NOTE: If you want the length of the dataset after iterating through
it, use `for i, data in enumerate(dataset)` instead.

<a id="shard_reader.AISShardReader.ZeroDict"></a>

## Class: ZeroDict

```python
class ZeroDict(dict)
```

When `collate_fn` is called while using ShardReader with a dataloader,
the content dictionaries for each sample are merged into a single dictionary
with file extensions as keys and lists of contents as values. This means,
however, that each sample must have a value for that file extension in the batch
at iteration time or else collation will fail. To avoid forcing the user to
pass in a custom collation function, we workaround the default implementation
of collation.

As such, we define a dictionary that has a default value of `b""` (zero bytes)
for every key that we have seen so far. We cannot use None as collation
does not accept None. Initially, when we open a shard tar, we collect every file type
(pre-processing pass) from its members and cache those.
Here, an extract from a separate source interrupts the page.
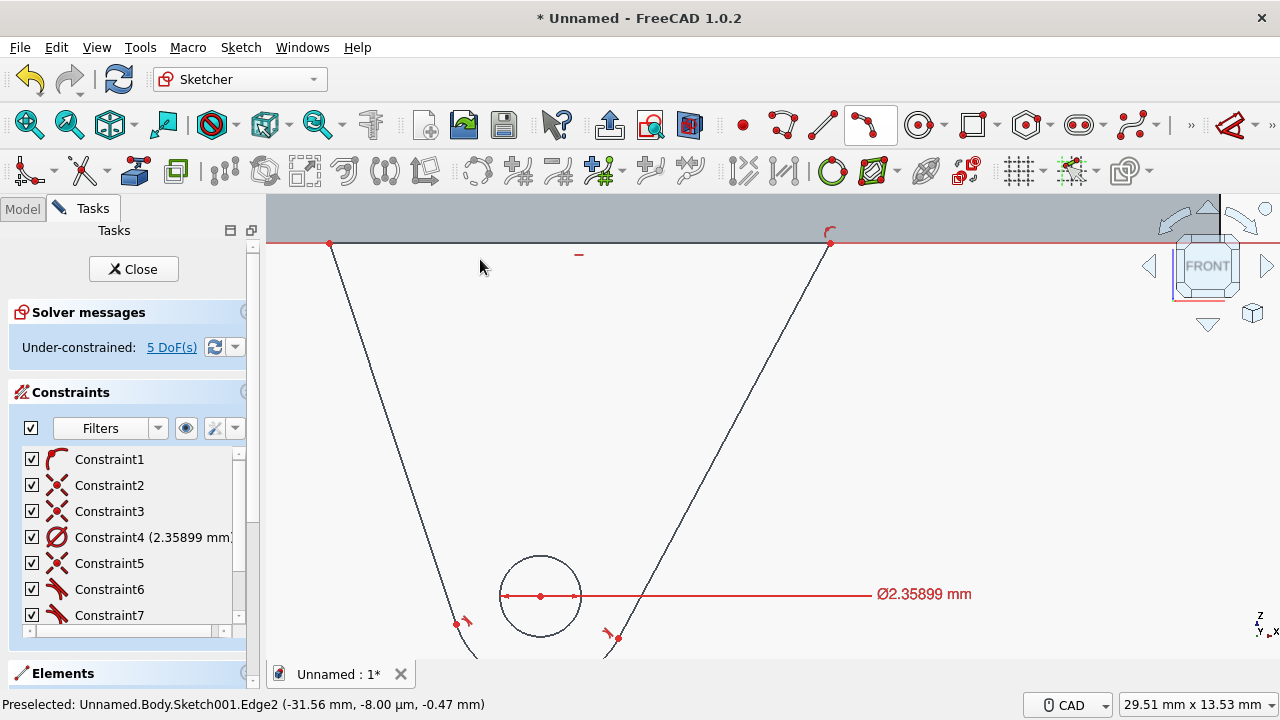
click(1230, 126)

Then, we read the shard files.
Lastly, before yielding the sample, we wrap its content dictionary with this custom dictionary
to insert any keys that it does not contain, hence ensuring consistent keys across
samples.

NOTE: For our use case, `defaultdict` does not work due to needing
a `lambda` which cannot be pickled in multithreaded contexts.
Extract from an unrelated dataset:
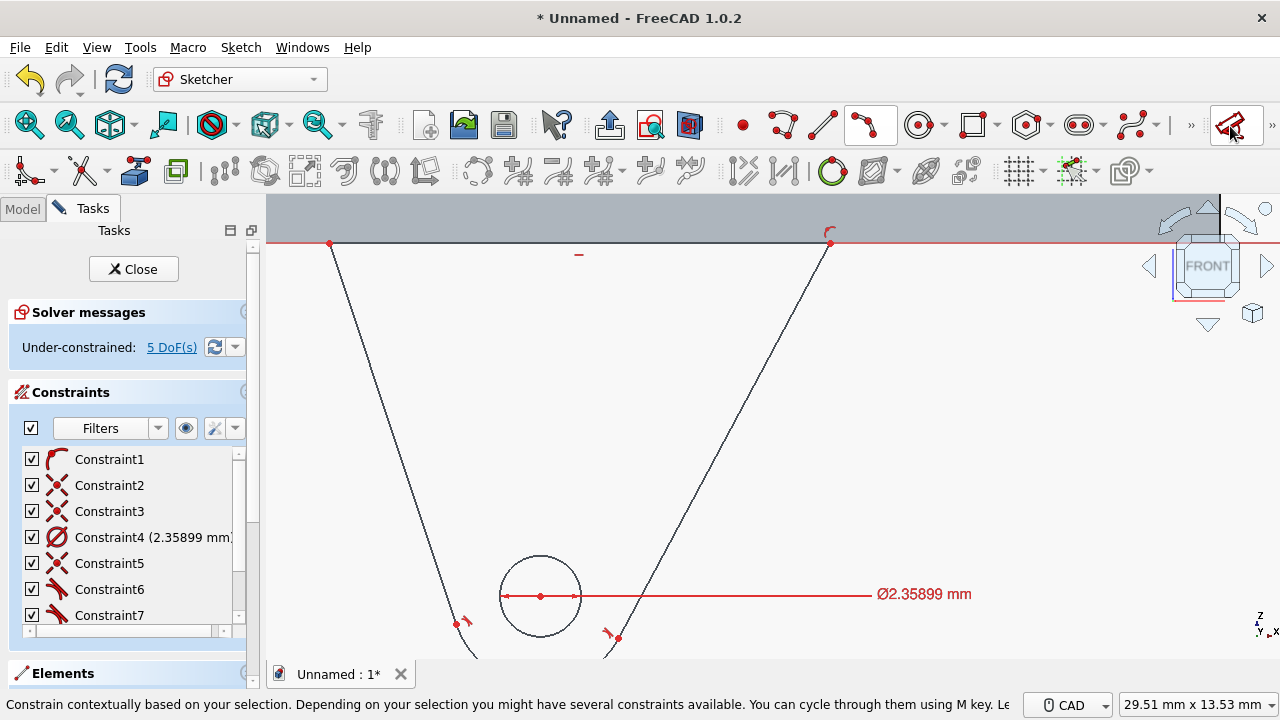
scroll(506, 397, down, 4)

Multishard Stream Dataset for AIS.

Copyright (c) 2024-2025, NVIDIA CORPORATION. All rights reserved.

<a id="multishard_dataset.AISMultiShardStream"></a>

## Class: AISMultiShardStream

```python
class AISMultiShardStream(IterableDataset)
```

An iterable-style dataset that iterates over multiple shard streams and yields combined samples.

**Arguments**:

- `data_sources` _List[DataShard]_ - List of DataShard objects
  

**Returns**:

- `Iterable` - Iterable over the combined samples, where each sample is a tuple of
  one object bytes from each shard stream

PyTorch Map-style Dataset with parallel download acceleration.

Copyright (c) 2026, NVIDIA CORPORATION. All rights reserved.

<a id="parallel_map_dataset.AISParallelMapDataset"></a>

## Class: AISParallelMapDataset

```python
class AISParallelMapDataset(AISBaseMapDataset)
```

Map-style dataset that uses parallel download to fetch objects.

Parallel download splits each object into byte ranges and fetches them
concurrently using `num_workers` workers.

`__getitem__` returns `(object_name, ParallelBuffer)`. The caller (or
PyTorch DataLoader collate function) is responsible for consuming and
closing the `ParallelBuffer`.

**Arguments**:

- `ais_source_list` - Single or list of AISSource objects to load data.
- `prefix_map` - Map of AISSource to prefix(es) for filtering objects.
- `num_workers` - Number of concurrent range-read workers per object.

<a id="parallel_map_dataset.AISParallelMapDataset.num_workers"></a>

### num\_workers

```python
@property
def num_workers() -> int
```

Number of concurrent range-read workers per object.